Conclusiones

En este proyecto, hemos hecho una búsqueda en el genoma de Vipera berus de las selenoproteínas, de las proteínas homólogas en cisteína y de la maquinaria necesaria para su síntesis. Hemos predecido de manera automática sus genes, utilizando de referencia las proteínas de Anolis carolinensis (especie de SelenoDB más cercana filogenéticamente a Vipera berus). Además, hemos predecido elementos SECIs en la región 3'-UTR de los genes de las selenoproteínas y de las homólogas en cisteína mediante el programa SeciSearch3.

Nuestros resultados sugieren que la Vipera berus contiene las siguientes proteínas:

- Selenoproteínas: DI1 (3 parálogos), DI2, GPx, GPx2, GPx3, SelP1, SelP2, TR3, Sel15, SelH, SelI, SelN, SelR1, SeleT, SelU1, SPS.

- Homólogas en cisteína: GPx4, GPx8, SelR2, SelR3, Sel0.

- Maquinaria: SPS1 (2 parálogos), eEFsec (2 parálogos), SBP2 (2 parálogos), SecS, PSTK, Secp43.

No hemos encontrado las siguientes proteínes: TR, SelK, SelM, SelS, SelU2, SelW.
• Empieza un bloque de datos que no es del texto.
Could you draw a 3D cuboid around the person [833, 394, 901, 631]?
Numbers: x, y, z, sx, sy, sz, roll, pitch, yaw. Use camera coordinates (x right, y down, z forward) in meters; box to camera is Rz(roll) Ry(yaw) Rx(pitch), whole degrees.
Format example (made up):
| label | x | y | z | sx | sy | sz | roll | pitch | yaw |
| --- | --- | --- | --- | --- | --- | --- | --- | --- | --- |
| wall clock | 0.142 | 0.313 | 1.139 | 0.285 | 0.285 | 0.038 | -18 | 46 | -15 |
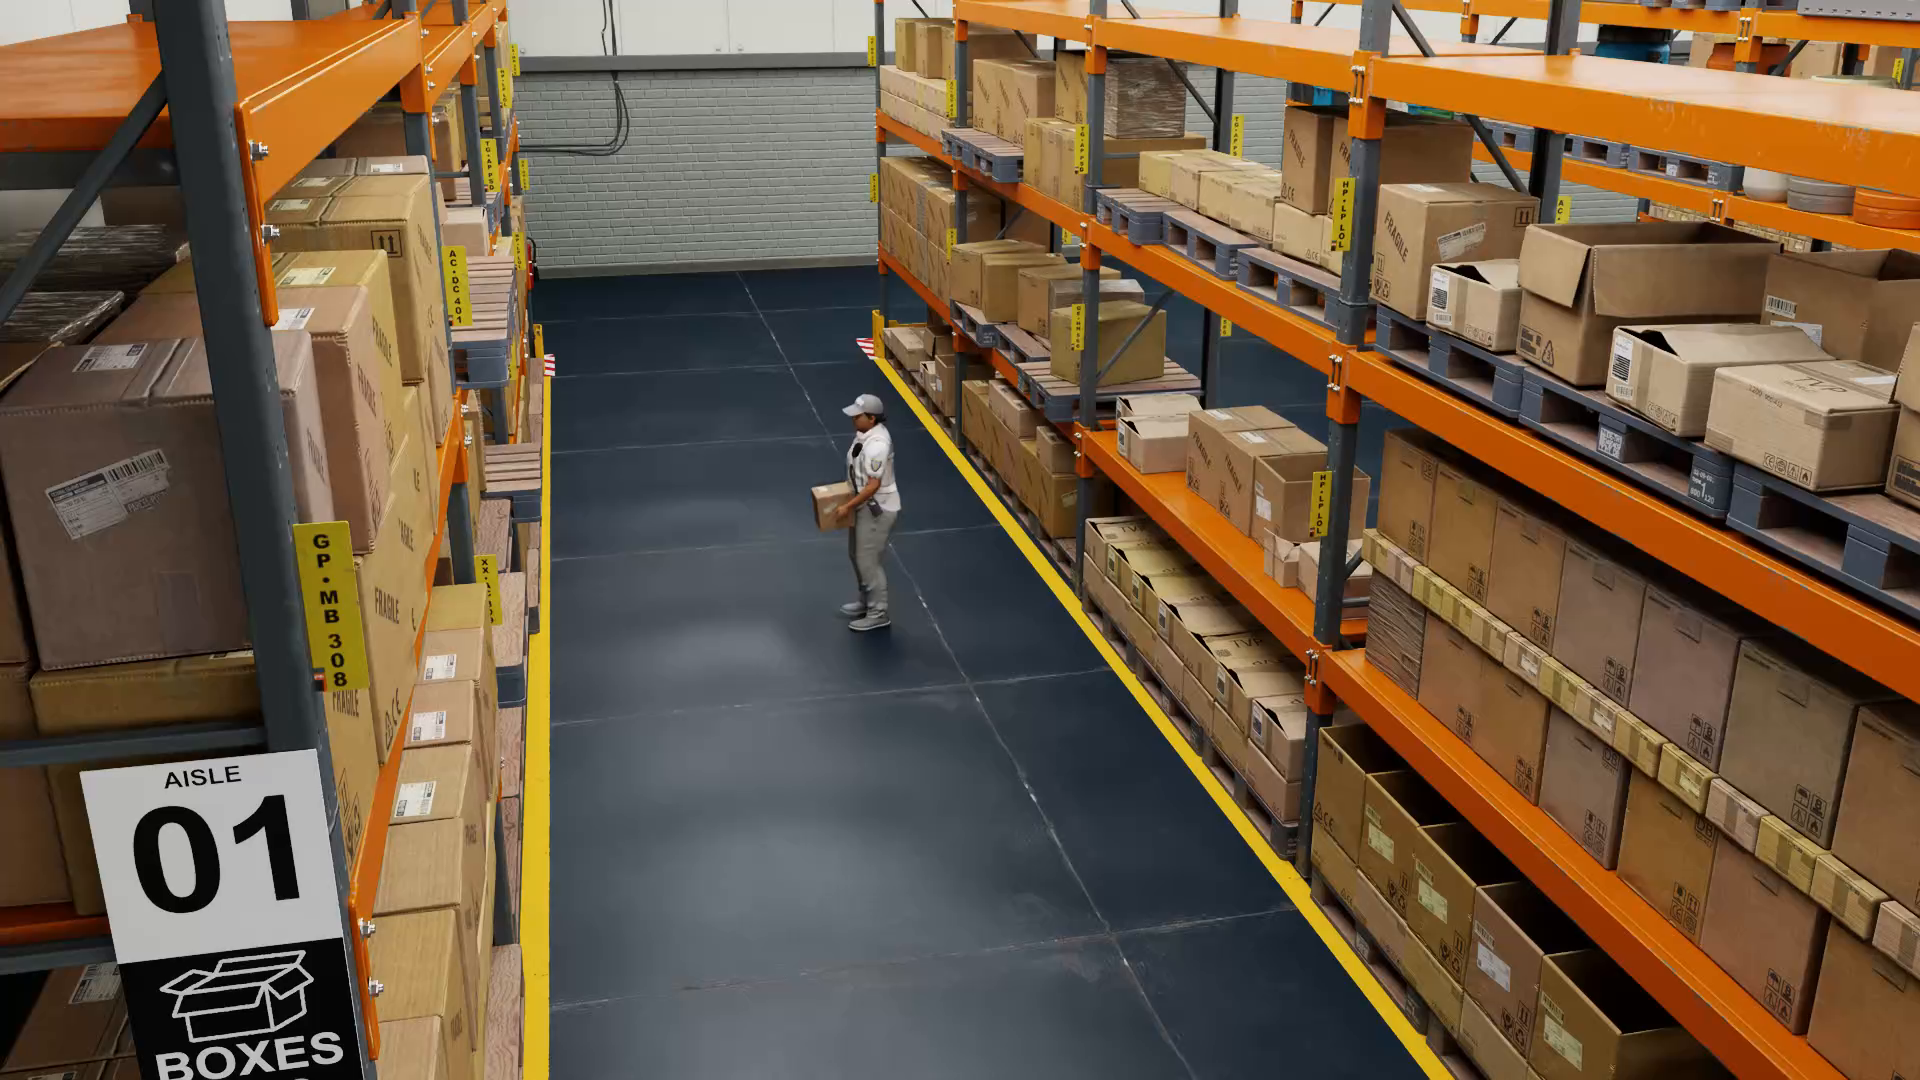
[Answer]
| label | x | y | z | sx | sy | sz | roll | pitch | yaw |
| --- | --- | --- | --- | --- | --- | --- | --- | --- | --- |
| person | -0.670 | -0.208 | 11.635 | 0.490 | 1.671 | 0.493 | -5 | 20 | -13 |
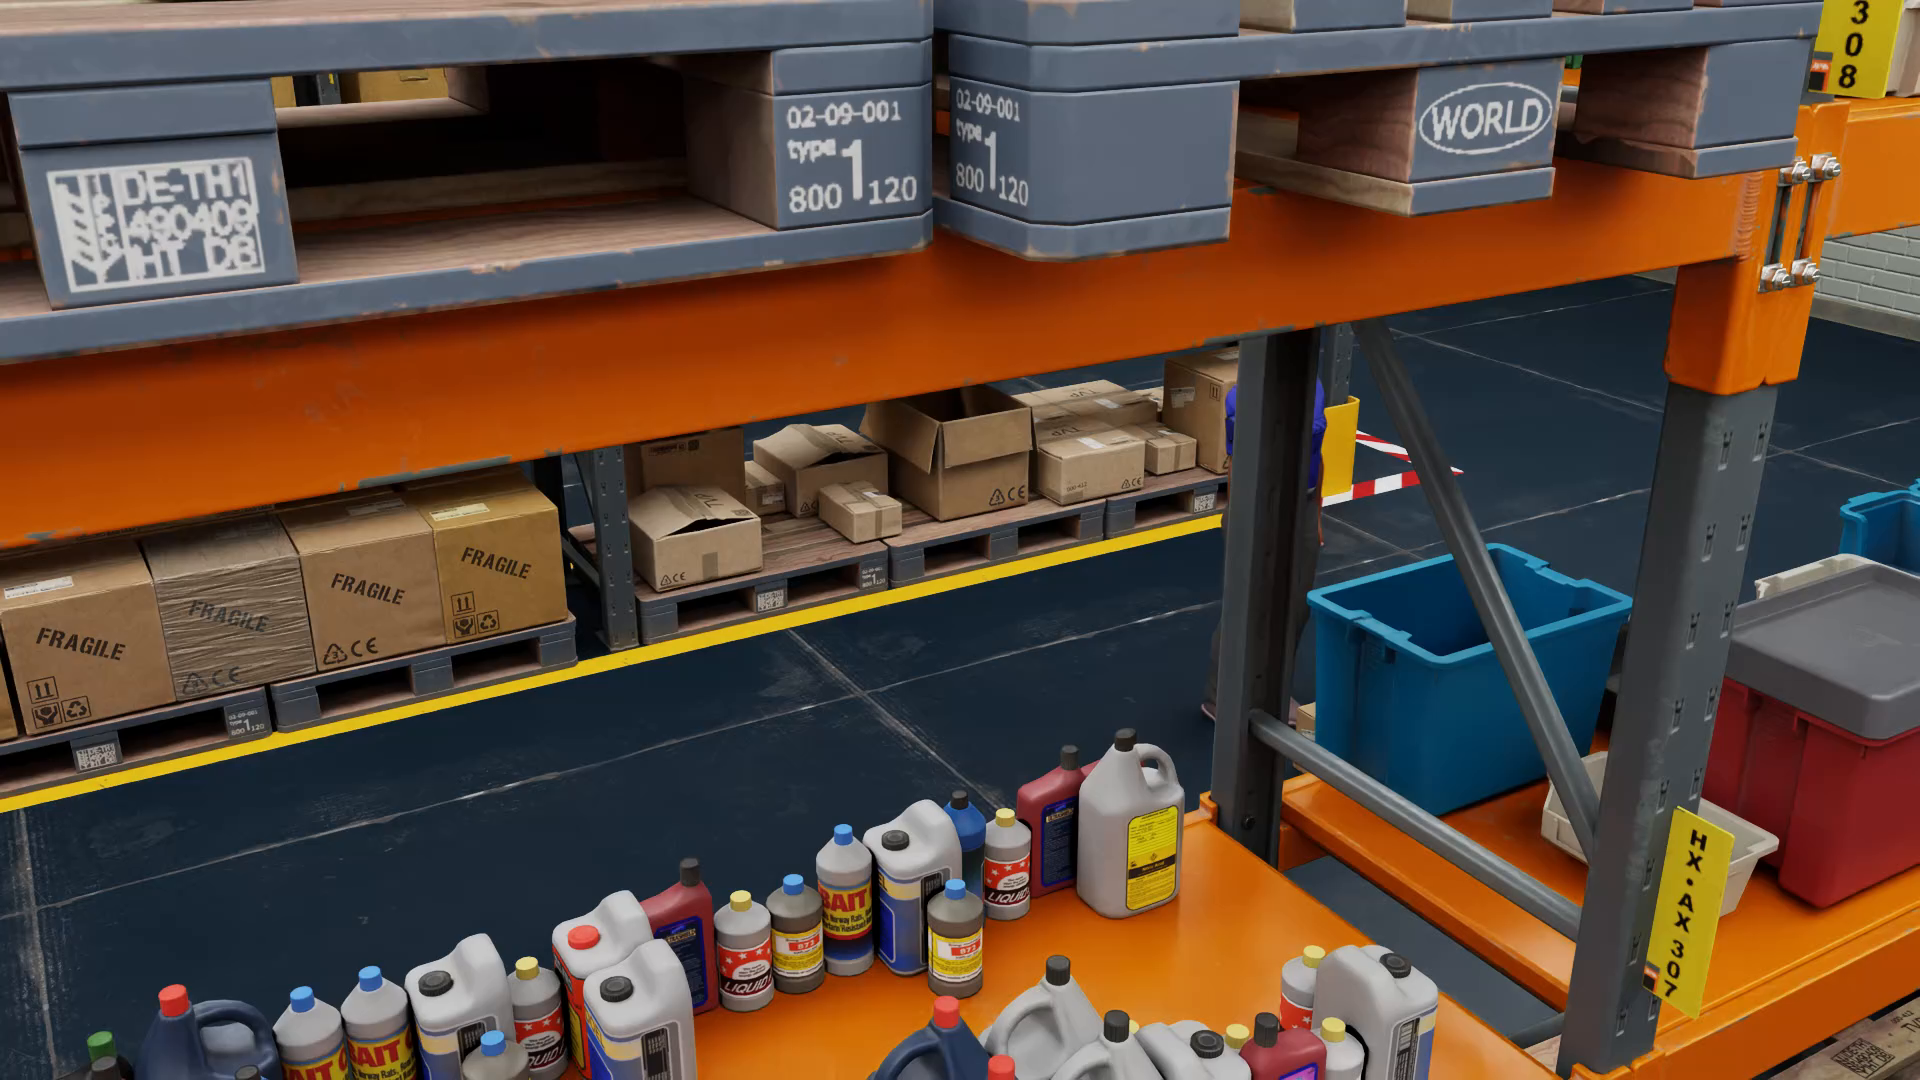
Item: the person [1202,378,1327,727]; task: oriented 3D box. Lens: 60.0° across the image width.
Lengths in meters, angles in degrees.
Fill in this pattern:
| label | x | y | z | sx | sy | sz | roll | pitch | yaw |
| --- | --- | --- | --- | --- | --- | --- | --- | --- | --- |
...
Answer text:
| label | x | y | z | sx | sy | sz | roll | pitch | yaw |
| --- | --- | --- | --- | --- | --- | --- | --- | --- | --- |
| person | 1.184 | -0.061 | 6.262 | 0.437 | 1.663 | 0.303 | -12 | 25 | -27 |

Por último, queremos remarcar las principales limitaciones de nuestros resultados. El genoma de la Vipera berus está fragmentado en diferentes contigs, lo que dificulta la predicción de selenoproteínas y no se puede asegurar que los intrones y exones esten organizados correctamente en la predicción de los genes. Además, nuestras queries de referencia son las proteínas de Anolis carolinensis y este genoma podría contener errores de anotación. Nuestro proyecto se basa en la homología entre el genoma de Anolis carolinensis y Vipera berus, sin tener en cuenta que éste último puede contener otras selenoproteínes no presentes en el genoma de la especie de referencia.